Hard-core MMA fans have always believed, and probably always will that all it takes to convert a sports fan into an MMA fan is access. If people just had the opportunity to see the purity of the competition. The salt-of-the-earth athletes. The excitement that can only be generated by full on fisticuffs.
How can you not love the courage, the discipline, the pure metal balls it takes to step into the octagon with the baddest kid on the block? The path from newbie to message-board savant can be walked in just weeks. It doesn’t take much to become a full-fledged UFC fanatic.
The sport is halfway there.
We have the mainstream in our grasp: Fights on Fox, FX and Fuel allow unprecedented access to America’s sports fans.
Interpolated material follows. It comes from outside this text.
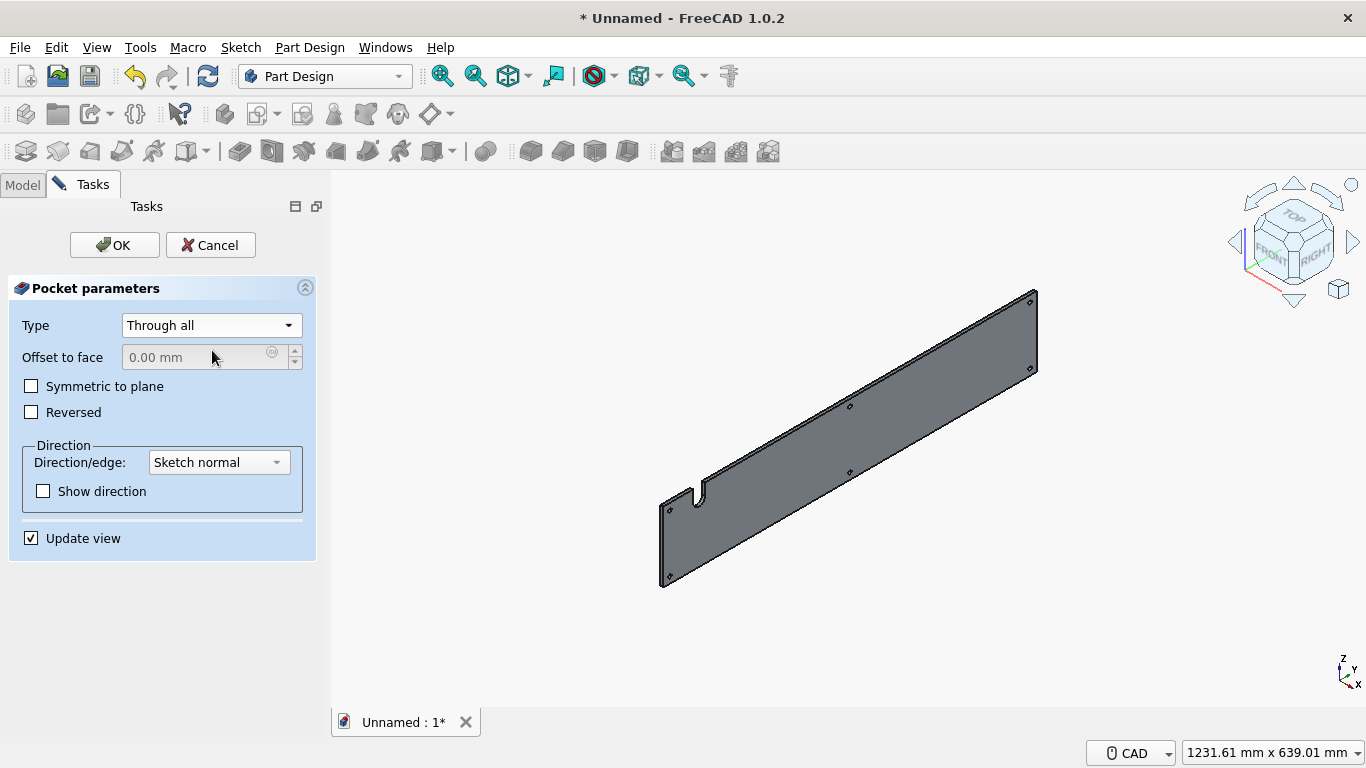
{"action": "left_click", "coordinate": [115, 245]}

Dozens of other TV deals put the world at Zuffa’s fingertips.
But that’s only part of the puzzle.
Mixed martial arts hasn’t seen that transcendent figure, the man or woman who takes that access and molds himself or herself a merchandising and endorsement empire.
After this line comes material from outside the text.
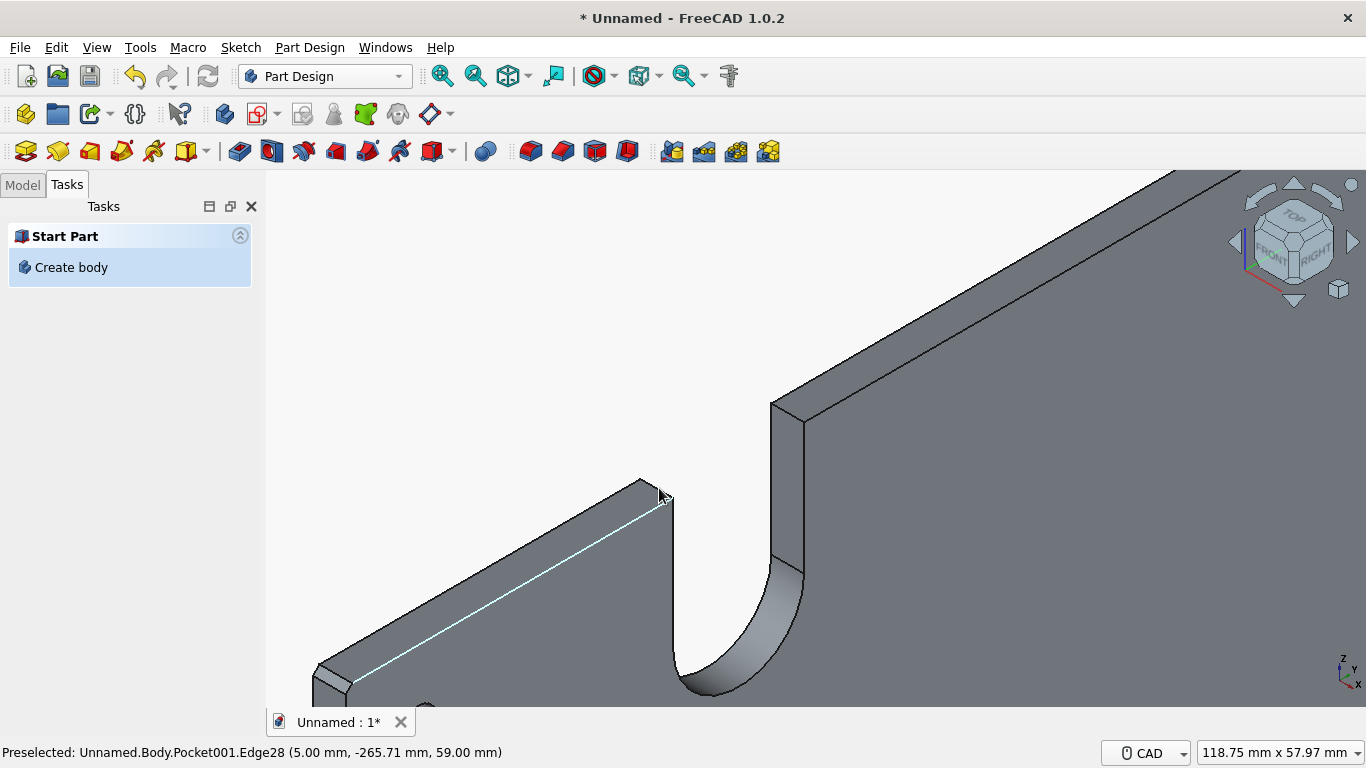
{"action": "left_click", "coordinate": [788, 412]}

There hasn’t been a John McEnroe, a Dale Earnhardt or a Hulk Hogan.
For the most part, even the most popular UFC fighters are interchangeable in the eyes of non-fans. There is no fighter who everyone knows by one name, no athlete who has crossed the divide into true celebrity.
We all thought Georges St-Pierre would be that guy: The fighter who became synonymous with the sport. He seemed well on his way. Endorsement deals were struck with Under Armour and Gatorade. Could Nike or Pepsi be far behind?
Somewhere along the path to Kobe or Peyton status, GSP lost steam. Was it the simple fact that a fighter is only in the spotlight a couple of times a year? Was it St-Pierre’s notorious disdain for media and sponsor appearances? Or is it something more?
Thursday, St-Pierre signed a new sponsorship deal. It wasn’t with Coke. It wasn’t with Sony. It wasn’t with Converse or adidas. It was with Hayabusa, an MMA niche brand that serves a very specific audience. Is this a sign?
Perhaps the mainstream isn’t quite ready for MMA.
We spent years knocking on the door. Numbers (and a ton of young eyeballs) forced the door open, maybe before the general public was quite ready.
The UFC is on the cusp of something special. But St-Pierre’s failure to capitalize is an indication sports fans aren’t quite ready to grasp MMA with both hands and make it a part of their lives.